- Born: c. 1480
- Died: 1506
- Spouse: Guy XVI, Count of Laval
- Issue: Anne de Laval
- House: Trastámara
- Father: Frederick of Naples
- Mother: Anne of Savoy

= Charlotte of Naples =

Princess of Naples (1480 - 1506)

Charlotte of Naples (c. 1480 – 1506), also known as Charlotte of Aragon and Princess of Taranto, was the eldest daughter and eventual heiress of King Frederick of Naples. Although her father was dispossessed of his kingdom, her descendants, the House of La Trémoïlle maintained their dynastic claim in exile.

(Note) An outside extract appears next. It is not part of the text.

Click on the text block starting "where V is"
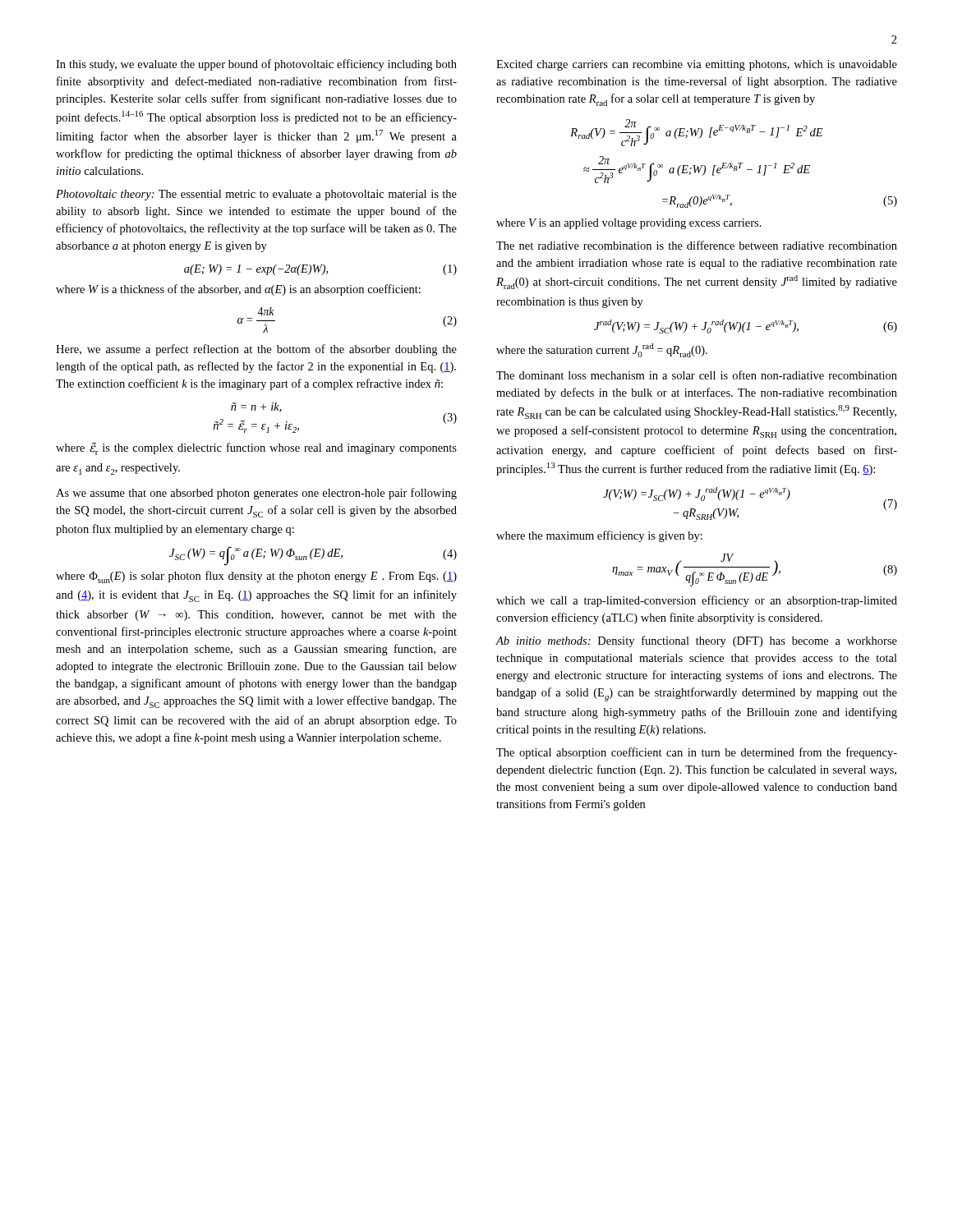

Daughter of the Neapolitan king's first marriage to Anne of Savoy, a granddaughter of Charles VII of France, Charlotte was married to Guy XVI, Count of Laval, head of one of Brittany's most powerful noble families.

==Marriage==
Following her mother's death which occurred shortly after her birth, Charlotte was raised in France and brought up at the French court. One of her suitors was Cesare Borgia. Charlotte refused him, and instead on 10 June 1500 married Guy XVI de Laval, Count of Laval.

Charlotte and Guy had:
- Catherine, married Claude I of Rieux
- Anne, married François de la Trémoïlle
- François, d.1522

==Claim to kingdom of Naples==
In the year following Charlotte's marriage, her father lost his throne and freedom to France in war. Her brother, Ferdinand of Aragón, Duke of Calabria, fled to Spain in 1504, whence he did not return. On his death without legitimate descendants in Valencia in 1550, Charlotte was long dead and France had lost the crown of Naples to another branch of the Aragonese dynasty. Nonetheless her issue took up the fruitless pretence to the crown, while pursuing their interests in Brittany and France. Charlotte is posthumously attributed the title, Princess of Taranto, which had been borne by Neapolitan heirs apparent.

==Sources==
- Walsby, Malcolm (2007). "The Counts of Laval"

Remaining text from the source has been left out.